A consideration of experience, rates charged and hours spent (formerly a costs grid calculation) is appropriate, but is subject to the overriding principle of reasonableness as applied to the factual matrix of the particular case: Boucher . The quantum should reflect an amount the court considers to be fair and reasonable rather than any exact measure of the actual costs to the successful litigant: Zesta Engineering .
The reasonable expectation of the unsuccessful party is one of the factors to be considered in determining an amount that is fair and reasonable: rule 57.01(1)(0.b).
The court should seek to avoid inconsistency with comparable awards in other cases. “Like cases, [if they can be found], should conclude with like substantive results”: Murano at p. 249.

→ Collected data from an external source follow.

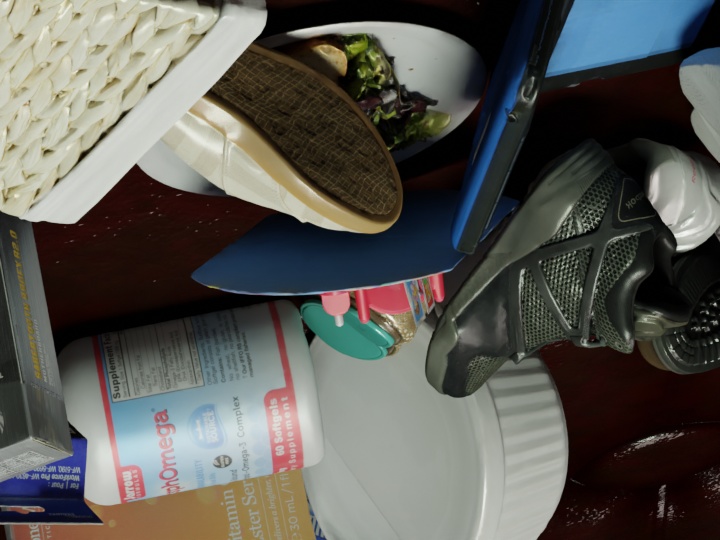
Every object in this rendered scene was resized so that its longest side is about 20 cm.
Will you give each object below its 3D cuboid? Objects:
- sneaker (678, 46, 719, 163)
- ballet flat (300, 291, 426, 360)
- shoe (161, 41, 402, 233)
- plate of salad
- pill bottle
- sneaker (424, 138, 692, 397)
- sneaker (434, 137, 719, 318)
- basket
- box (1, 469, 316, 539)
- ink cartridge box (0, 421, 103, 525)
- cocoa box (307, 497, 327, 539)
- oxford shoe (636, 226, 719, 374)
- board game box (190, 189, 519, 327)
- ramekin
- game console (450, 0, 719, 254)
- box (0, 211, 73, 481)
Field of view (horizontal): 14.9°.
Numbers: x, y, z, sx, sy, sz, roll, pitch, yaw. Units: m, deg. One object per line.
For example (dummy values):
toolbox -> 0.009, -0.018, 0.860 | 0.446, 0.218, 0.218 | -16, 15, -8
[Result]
sneaker -> 0.233, -0.106, 1.548 | 0.088, 0.075, 0.200 | -39, 173, 1
ballet flat -> 0.011, 0.015, 1.704 | 0.065, 0.070, 0.200 | -53, -171, -9
shoe -> -0.062, -0.079, 1.400 | 0.200, 0.070, 0.053 | 35, 144, -26
plate of salad -> -0.026, -0.077, 1.501 | 0.199, 0.048, 0.200 | -12, 158, -5
pill bottle -> -0.128, 0.089, 1.758 | 0.199, 0.109, 0.109 | -11, 158, -5
sneaker -> 0.117, 0.028, 1.618 | 0.076, 0.114, 0.200 | -32, 163, -54
sneaker -> 0.118, -0.030, 1.681 | 0.199, 0.078, 0.099 | -31, 145, 20
basket -> -0.147, -0.123, 1.207 | 0.123, 0.136, 0.200 | 4, 152, -32
box -> -0.140, 0.154, 1.850 | 0.199, 0.153, 0.106 | -9, 159, -10
ink cartridge box -> -0.230, 0.088, 1.619 | 0.099, 0.200, 0.039 | 5, 111, -37
cocoa box -> -0.019, 0.216, 1.996 | 0.133, 0.132, 0.199 | 8, -179, -43
oxford shoe -> 0.196, 0.020, 1.729 | 0.084, 0.073, 0.200 | -16, -167, 22
board game box -> 0.000, 0.000, 1.562 | 0.157, 0.039, 0.200 | -2, -164, 21
ramekin -> 0.051, 0.111, 1.815 | 0.094, 0.203, 0.202 | -10, 160, -38
game console -> 0.133, -0.106, 1.441 | 0.118, 0.172, 0.200 | 16, 155, 0
box -> -0.267, 0.057, 1.539 | 0.199, 0.159, 0.048 | -20, 157, 19
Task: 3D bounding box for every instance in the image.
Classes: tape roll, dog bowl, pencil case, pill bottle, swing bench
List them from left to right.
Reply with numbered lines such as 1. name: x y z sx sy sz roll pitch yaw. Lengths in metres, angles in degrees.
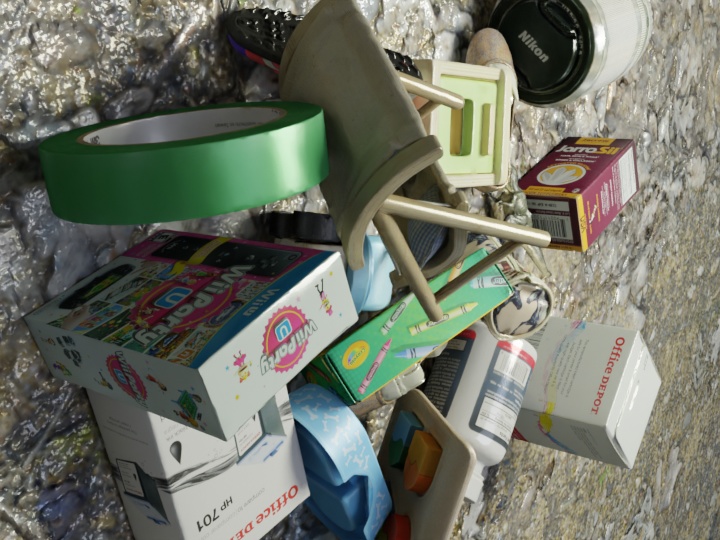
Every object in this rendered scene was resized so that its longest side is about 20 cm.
1. tape roll: -0.123 -0.082 0.613 0.200 0.200 0.048 -25 116 -46
2. dog bowl: -0.028 0.193 0.845 0.050 0.111 0.200 -39 131 -28
3. swing bench: 0.027 -0.093 0.717 0.200 0.130 0.199 30 31 -48
4. pill bottle: 0.131 0.173 1.047 0.120 0.119 0.201 41 66 -47
5. pencil case: 0.155 0.008 0.991 0.078 0.200 0.090 7 110 -15

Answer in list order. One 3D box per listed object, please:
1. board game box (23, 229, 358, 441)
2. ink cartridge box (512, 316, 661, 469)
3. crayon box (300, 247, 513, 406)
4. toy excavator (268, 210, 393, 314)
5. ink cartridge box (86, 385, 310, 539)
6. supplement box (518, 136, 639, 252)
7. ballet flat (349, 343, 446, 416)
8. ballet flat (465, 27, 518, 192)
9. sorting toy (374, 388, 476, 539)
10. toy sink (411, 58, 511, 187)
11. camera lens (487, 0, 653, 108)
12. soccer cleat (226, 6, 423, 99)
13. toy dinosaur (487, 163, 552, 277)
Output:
1. board game box: -0.126 0.036 0.633 0.148 0.200 0.064 -41 128 -39
2. ink cartridge box: 0.285 0.160 1.172 0.145 0.200 0.146 49 60 -44
3. crayon box: 0.044 0.061 0.858 0.200 0.119 0.058 -32 88 -20
4. toy excavator: 0.000 0.000 0.852 0.199 0.194 0.100 6 92 -24
5. ink cartridge box: -0.134 0.143 0.737 0.146 0.086 0.201 -33 121 -43
6. supplement box: 0.307 -0.113 1.219 0.200 0.110 0.086 -40 127 -40
7. ballet flat: 0.051 0.093 0.960 0.200 0.067 0.068 -51 136 -32
8. ballet flat: 0.165 -0.190 1.039 0.068 0.067 0.201 -9 112 -13
9. sorting toy: 0.045 0.233 0.894 0.036 0.200 0.186 17 94 -16
10. toy sink: 0.095 -0.160 0.943 0.200 0.112 0.131 -8 104 -51
11. camera lens: 0.269 -0.303 1.094 0.200 0.160 0.161 -29 119 -45
12. soccer cleat: -0.038 -0.184 0.799 0.199 0.073 0.068 10 54 -30
13. toy dinosaur: 0.199 -0.052 1.133 0.088 0.047 0.200 -35 115 -20
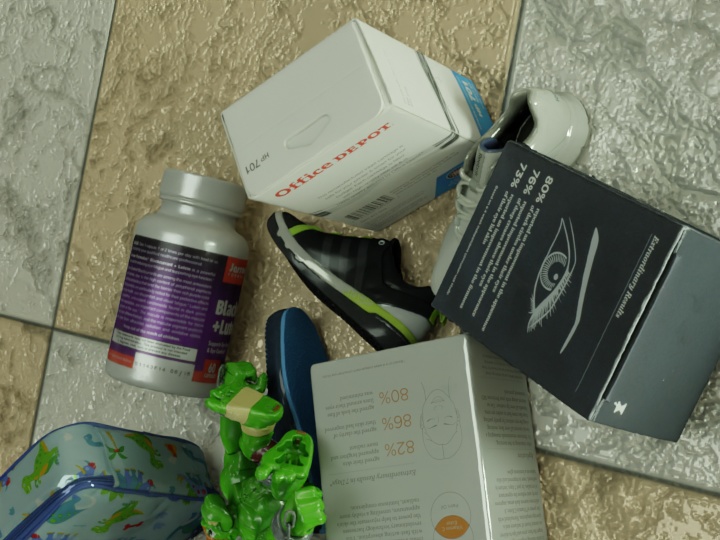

The court should seek to balance the indemnity principle with the fundamental objective of access to justice: Boucher .
[ 26 ] The court must take into account the principles set forth by the Court of Appeal in Boucher v. Public Accountants Council for the Province of Ontario (2004), 2004 14579 (ON CA), 71 O.R. (3d) 291 (C.A.), specifically, at para. 26, that the overall “objective [of fixing costs] is to fix an amount that is fair and reasonable for the unsuccessful party to pay in the particular proceeding, rather than an amount fixed by the actual costs incurred by the successful litigant.”
[ 27 ] Rule 57 and section 131(1) of the Courts of Justice Act grant the courts wide discretion over cost awards. I will set out for ease of reference the various factors for consideration pursuant to rule 57.01(1):
(0.a) the principle of indemnity … ;
(0.b) the amount of costs that an unsuccessful party could reasonably expect to pay in relation to the step in the proceeding for which costs are being fixed;
(a) the amount claimed and the amount recovered in the proceeding;
(b) the apportionment of liability;
(c) the complexity of the proceeding;
(d) the importance of the issues;
(e) the conduct of any party that tended to shorten or to lengthen unnecessarily the duration of the proceeding;
(h) whether it is appropriate to award any costs or more than one set of costs where a party,
(i) commenced separate proceedings for claims that should have been made in one proceeding, or
(ii) in defending a proceeding separated unnecessarily from another party in the same interest or defended by a different lawyer; and
(i) any other matter relevant to the question of costs.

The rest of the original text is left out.